- Born: Shankar Govindrao Diwakar 18 January 1889 Pune, Bombay Presidency, British India
- Died: 1 October 1931 (aged 42) Pune, India
- Other names: Diwakar, Shankar Kashinath Garge
- Education: School Final, 1908
- Occupations: Clerk, teacher at Nutan Marathi Vidyalaya 1915–1931, writer. researcher
- Known for: Natyachhata, a kind of dramatic monologues

= Natyachhatakar Diwakar =

Marathi writer

Shankar Kashinath Garge more popularly known as Natyachhatakar Diwakar (18 January 1889 - 1 October 1931) was a Marathi writer whose mastery of the Natyachhata, a kind of dramatic monologue made him the only major Marathi writer to have used this literary form very successfully. He was born in Pune, Bombay Presidency.

== Career ==
He also wrote plays, short stories. He was particularly influenced by the writings of Robert Browning, William Wordsworth, William Shakespeare.
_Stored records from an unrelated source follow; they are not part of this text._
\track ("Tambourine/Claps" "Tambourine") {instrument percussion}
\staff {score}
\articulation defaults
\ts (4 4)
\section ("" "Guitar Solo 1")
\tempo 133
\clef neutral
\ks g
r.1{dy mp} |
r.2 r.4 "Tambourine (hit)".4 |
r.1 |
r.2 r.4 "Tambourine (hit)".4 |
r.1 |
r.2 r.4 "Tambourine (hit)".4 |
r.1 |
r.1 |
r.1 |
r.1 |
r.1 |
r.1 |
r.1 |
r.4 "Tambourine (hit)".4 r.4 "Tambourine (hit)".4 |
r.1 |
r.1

He did pioneering work in researching poems of a leading modern Marathi poet Keshavasuta.

He was a favourite writer of a few leading Marathi writers like Durga Bhagwat, Vijay Tendulkar, Sadanand Rege.

Ms. Bhagwat praises him in a book based on her long interviews. Mr. Tendulkar edited a book of Diwakar's Natyachhata's.